> _BRIEF_: The answer is the set of lines that include "agent", copied from the data below.

:::::

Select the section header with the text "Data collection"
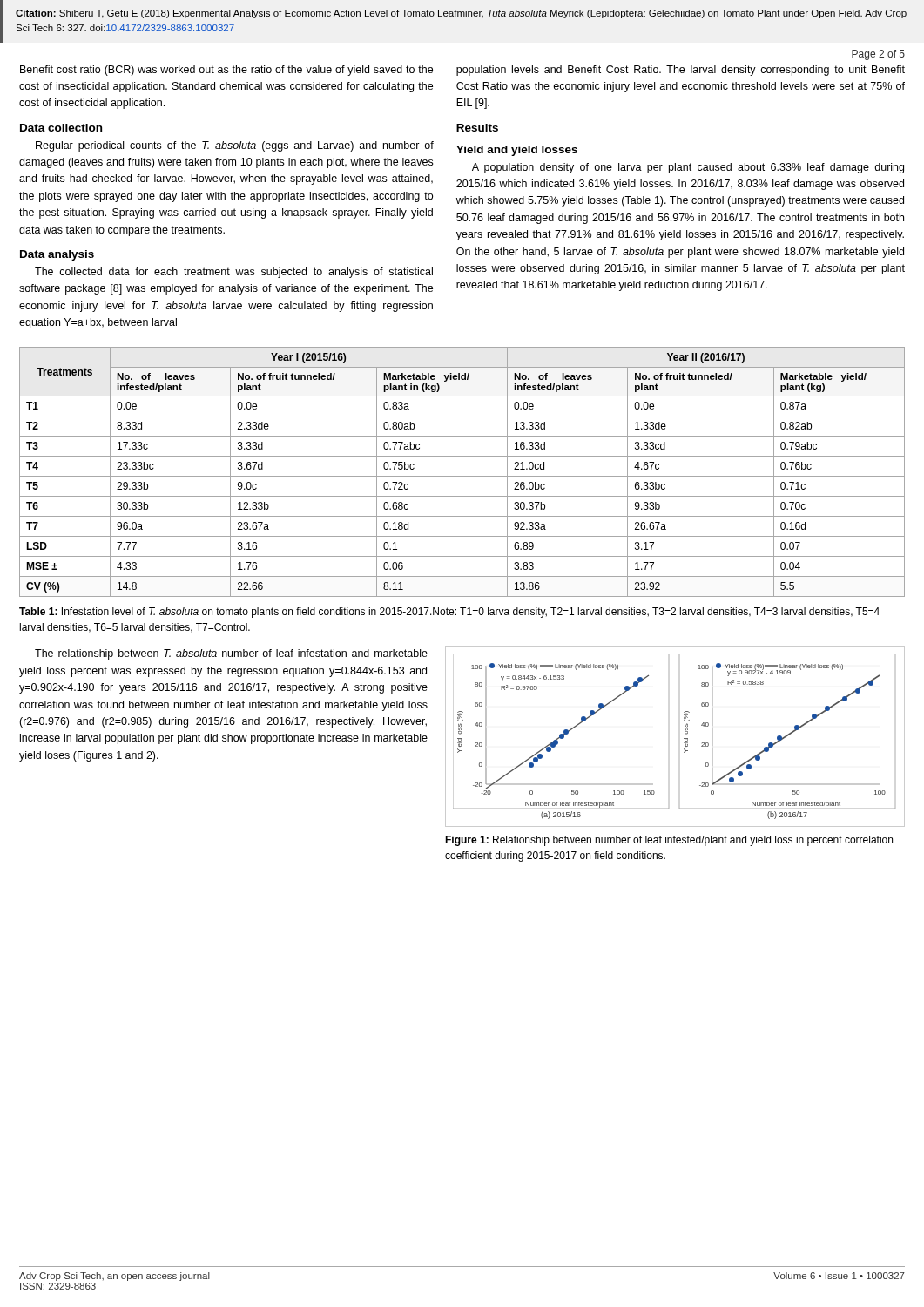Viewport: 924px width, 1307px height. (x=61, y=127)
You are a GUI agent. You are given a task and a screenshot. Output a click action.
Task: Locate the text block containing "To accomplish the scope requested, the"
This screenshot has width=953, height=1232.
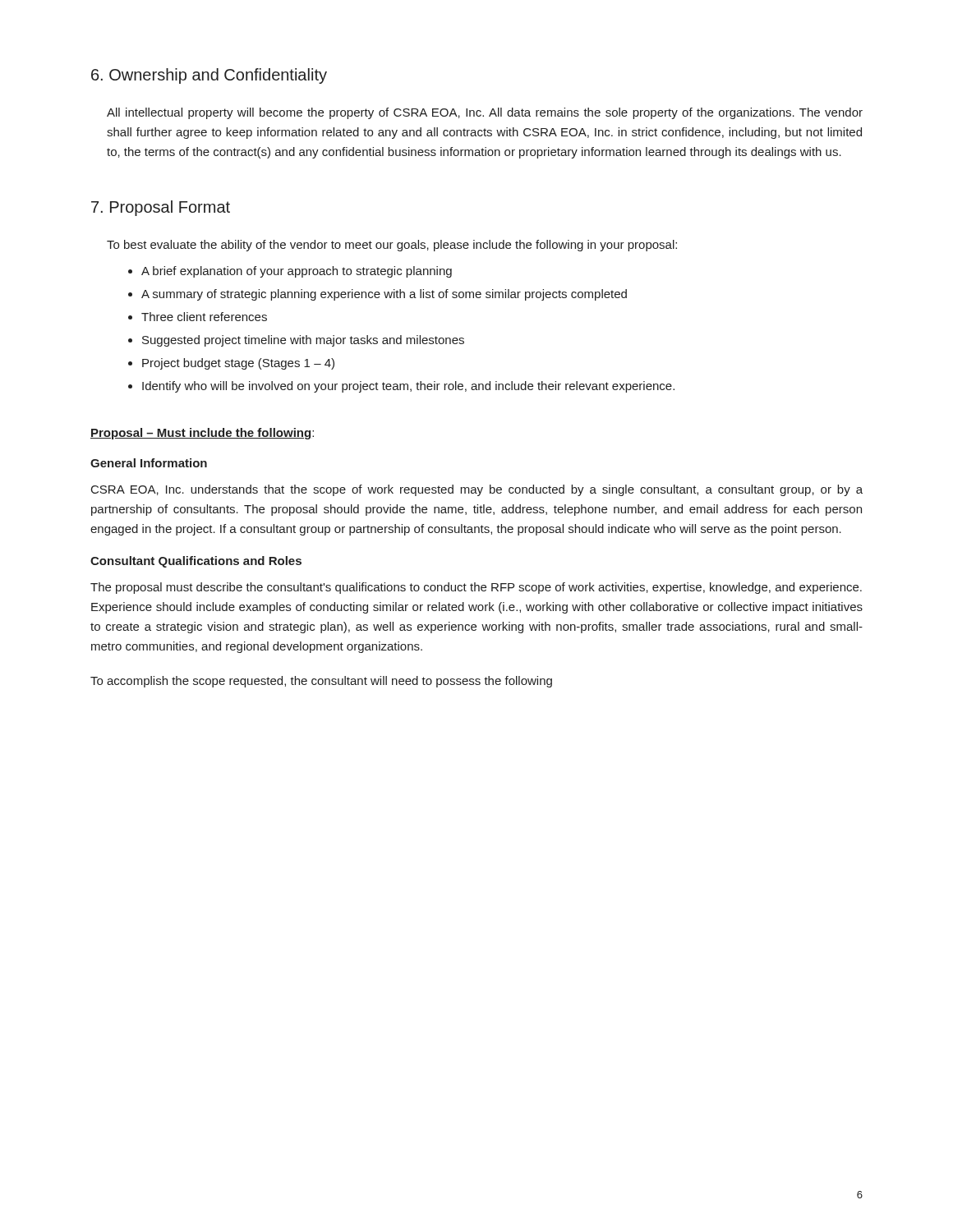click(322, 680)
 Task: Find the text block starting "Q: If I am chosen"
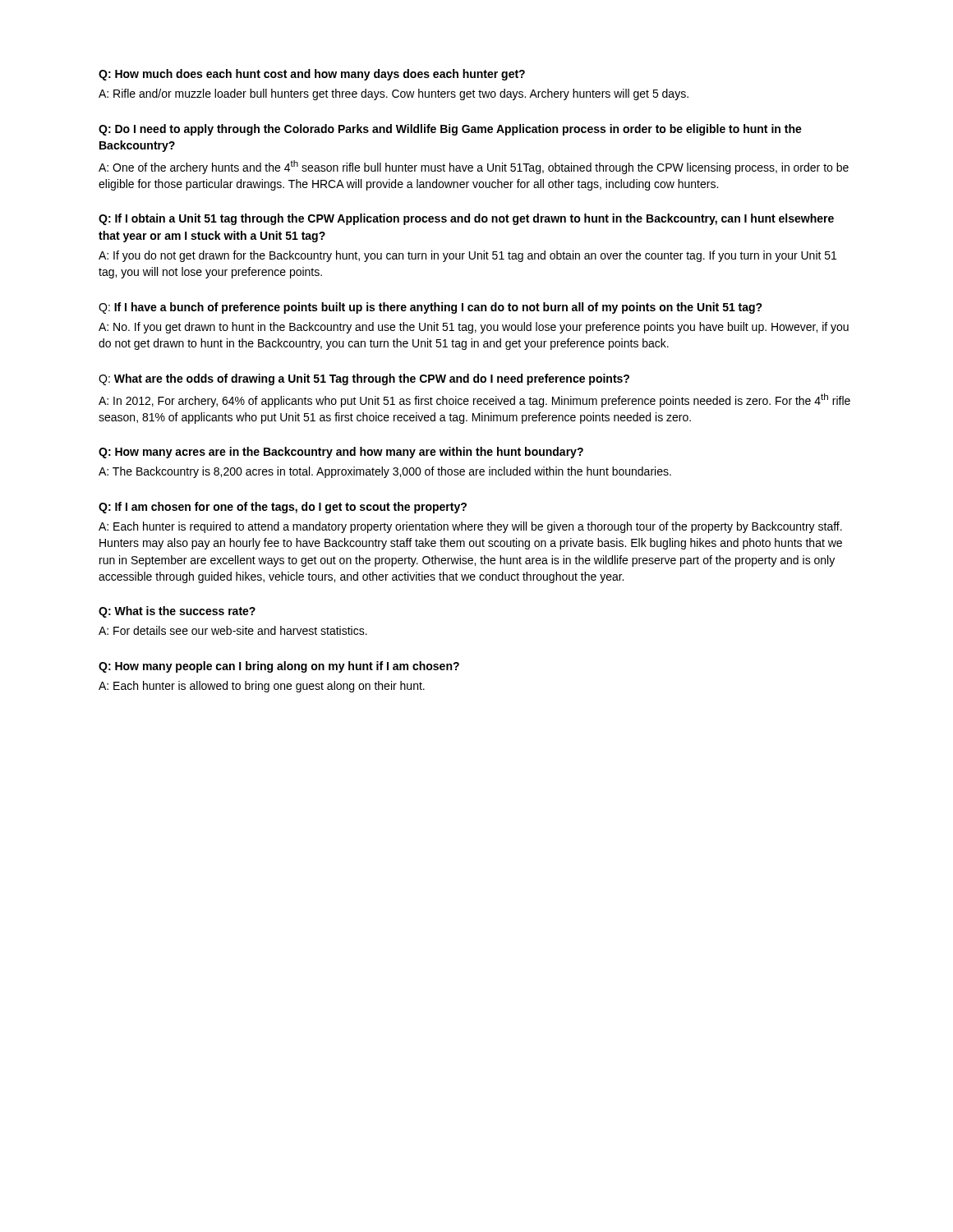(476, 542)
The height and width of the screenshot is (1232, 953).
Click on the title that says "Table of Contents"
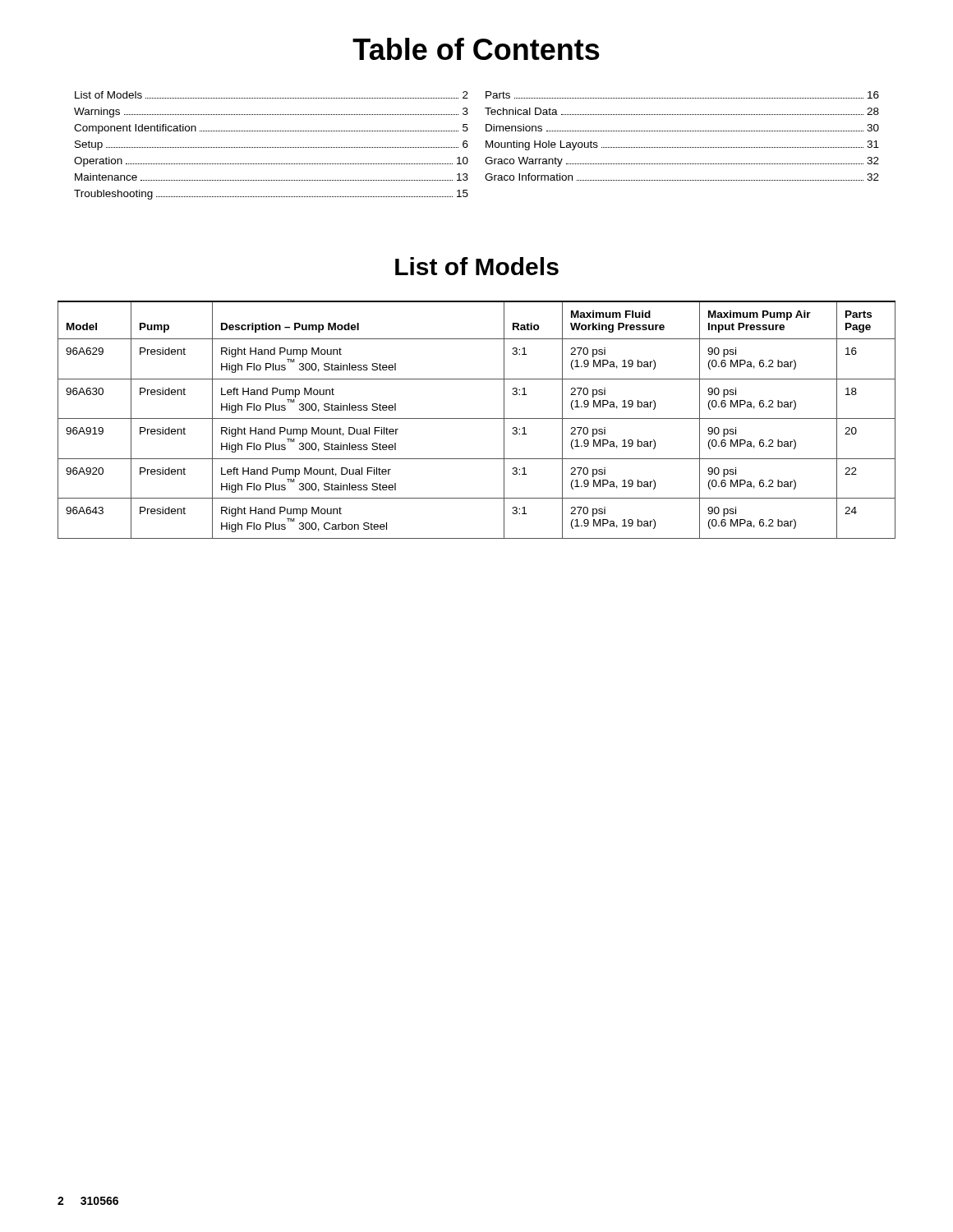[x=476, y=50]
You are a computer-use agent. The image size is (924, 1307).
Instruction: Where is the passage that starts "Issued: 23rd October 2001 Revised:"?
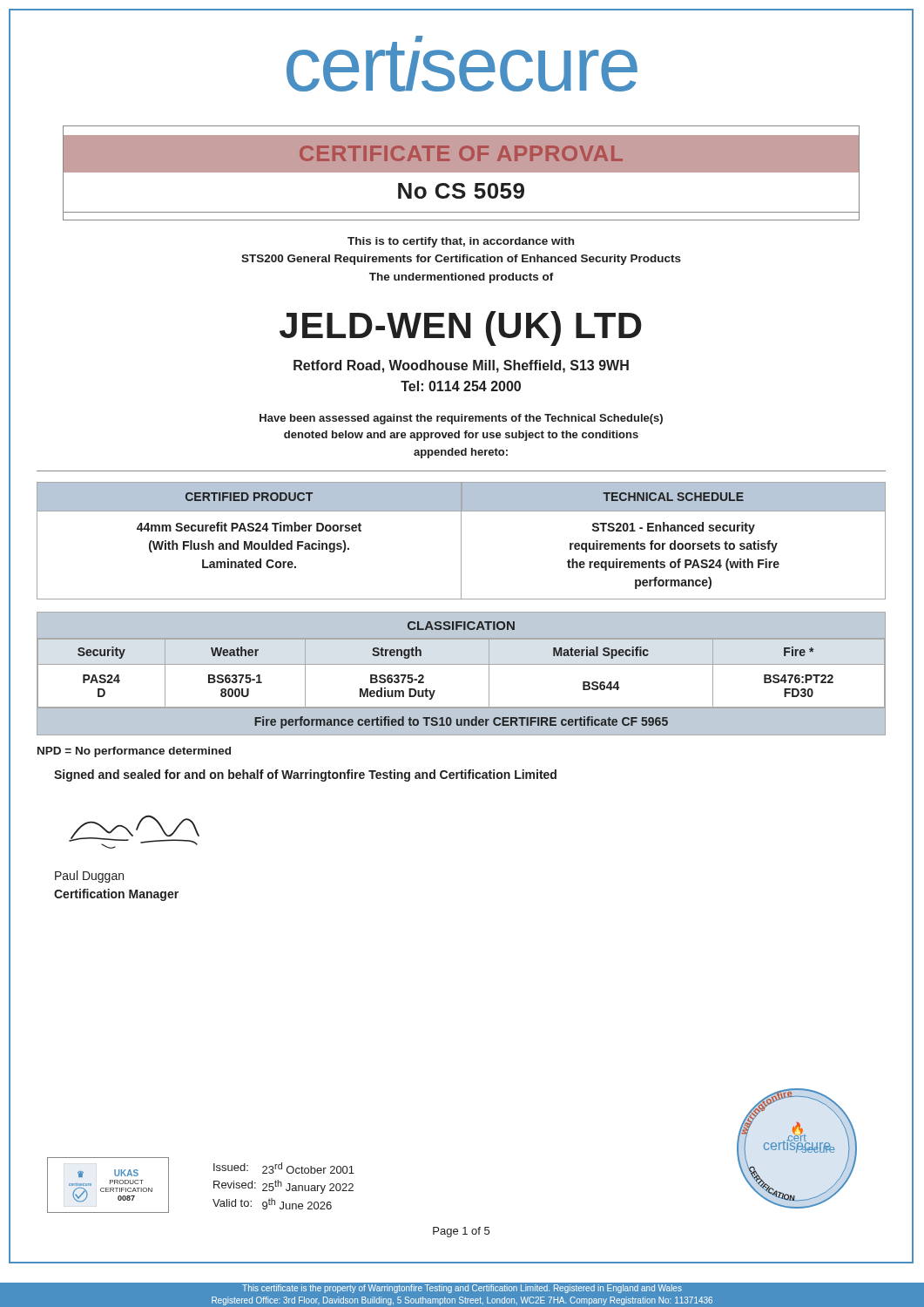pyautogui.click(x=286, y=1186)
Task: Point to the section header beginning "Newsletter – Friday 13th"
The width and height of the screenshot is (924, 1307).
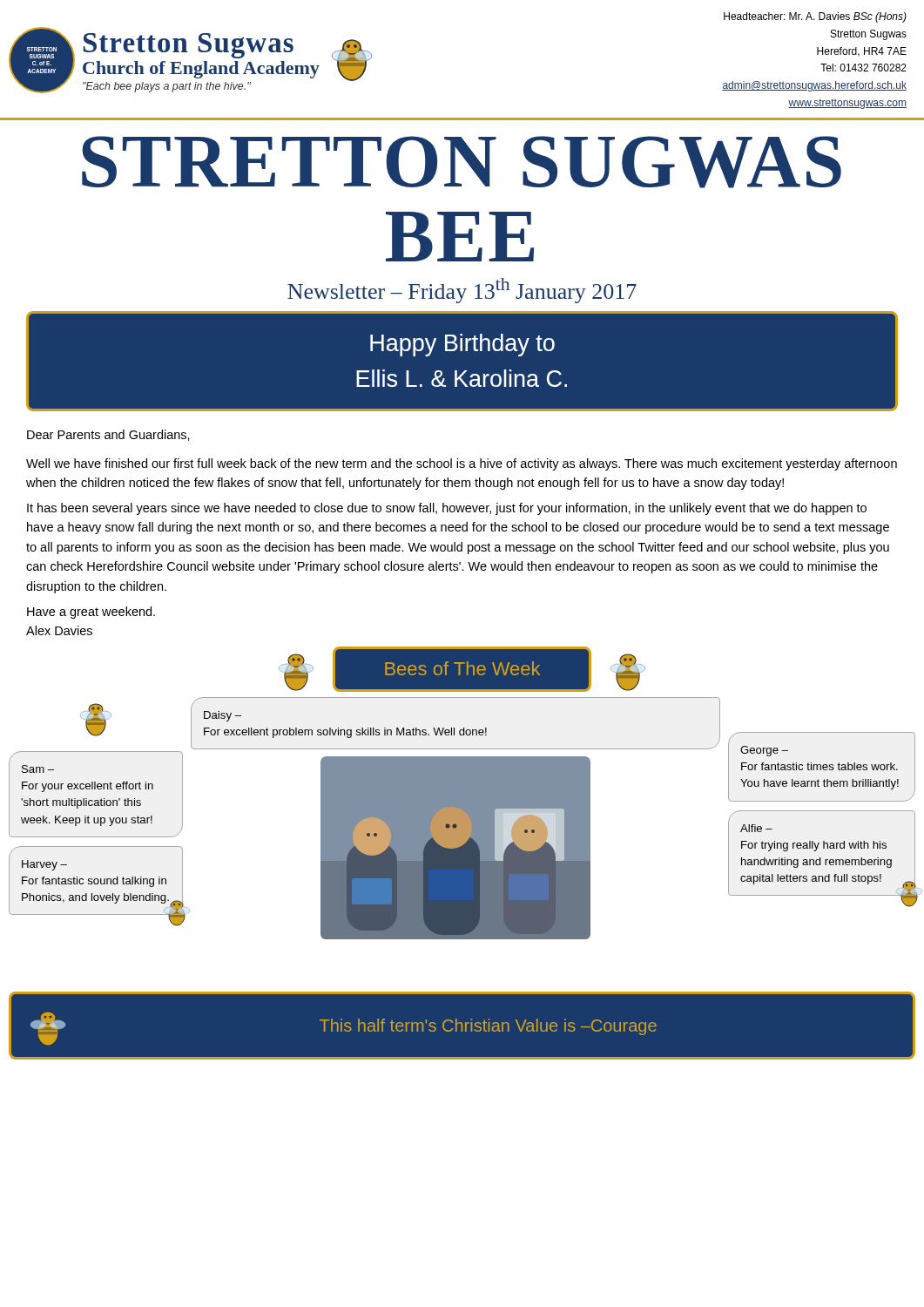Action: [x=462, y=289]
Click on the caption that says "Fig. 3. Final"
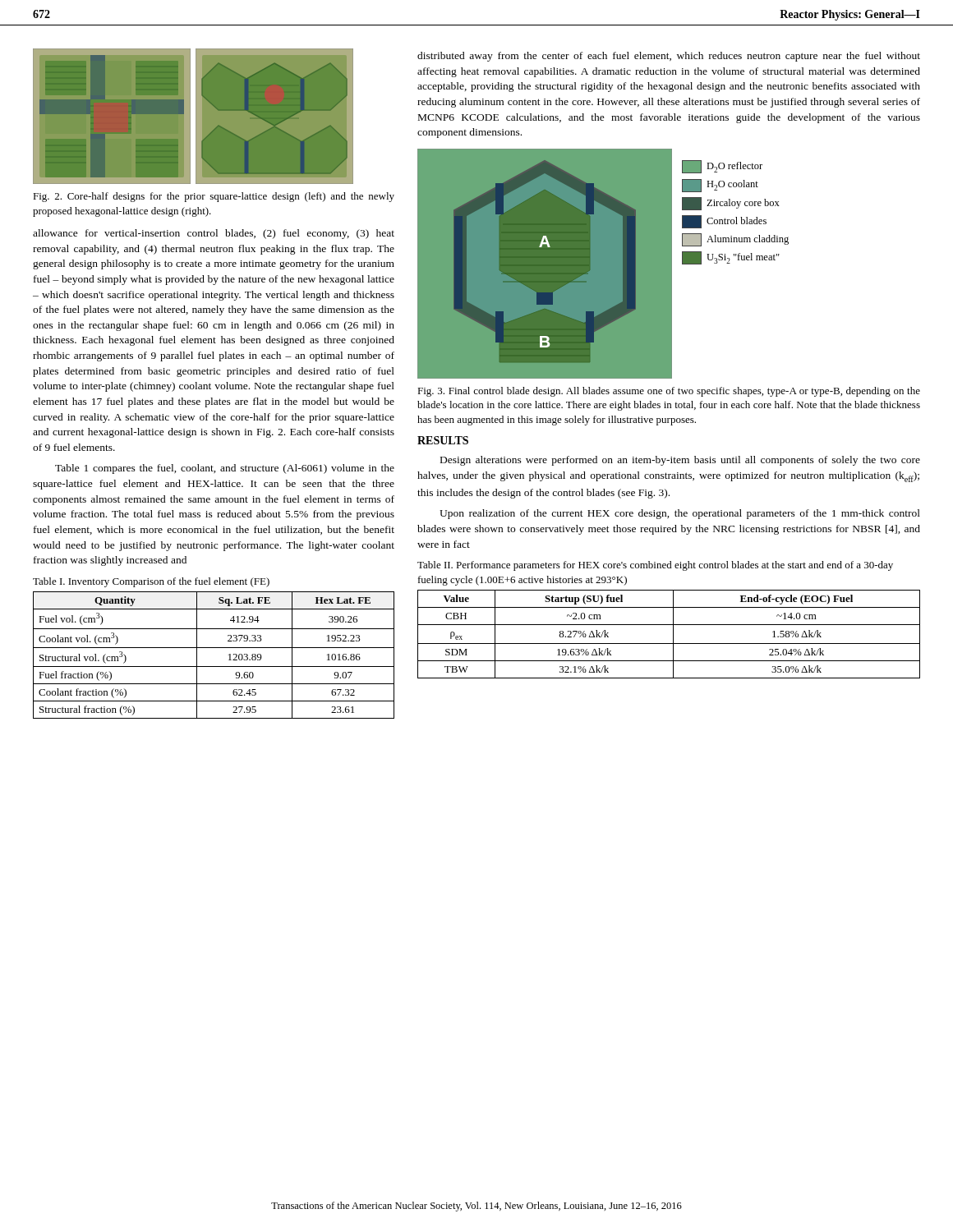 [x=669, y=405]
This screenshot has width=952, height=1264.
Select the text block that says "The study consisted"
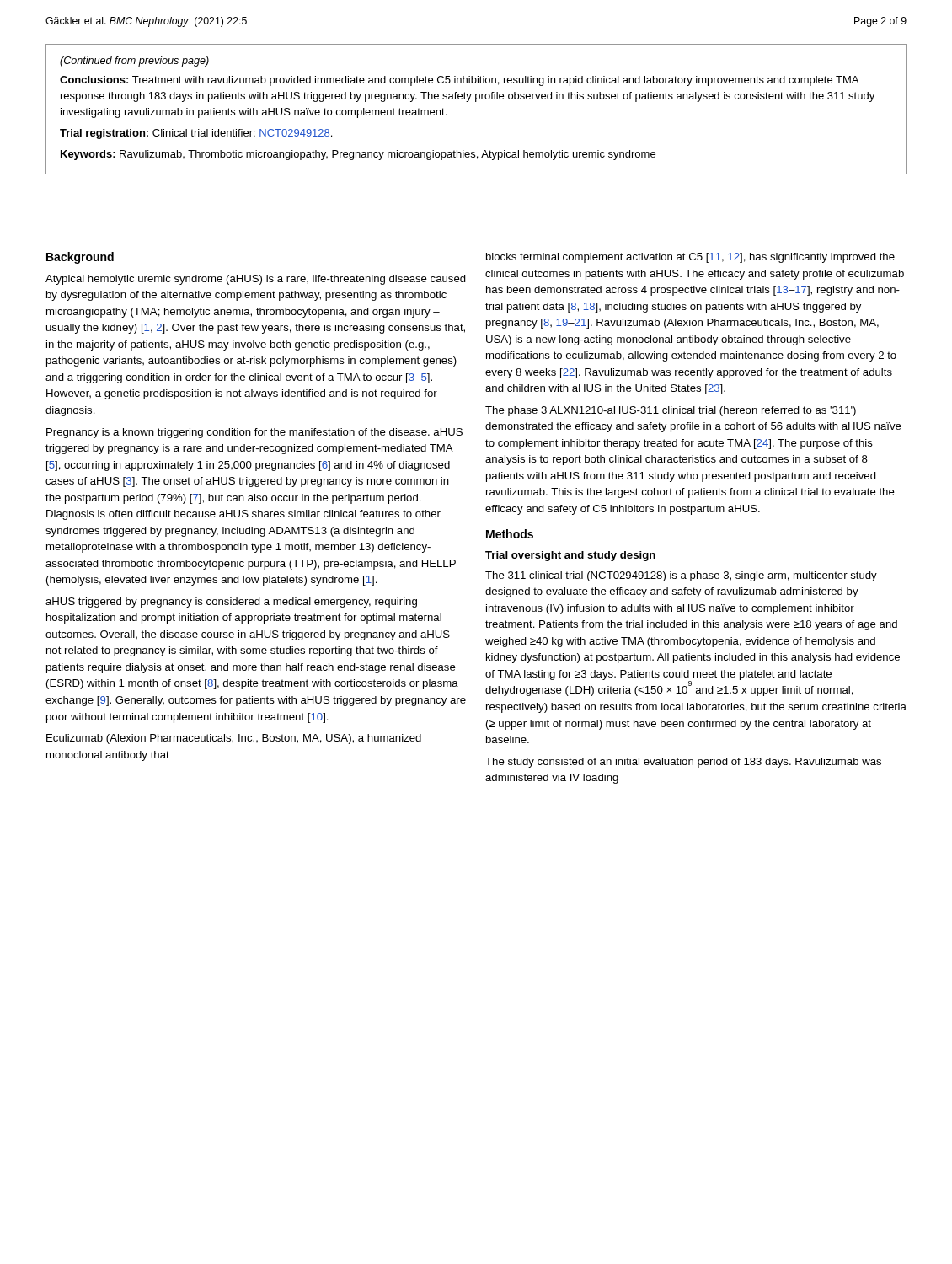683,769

:::::

> _WRITTEN REPLY_:
You are a GUI agent. You are given a task and a screenshot. Output a click action.
You are a computer-use agent. The image size is (924, 1307).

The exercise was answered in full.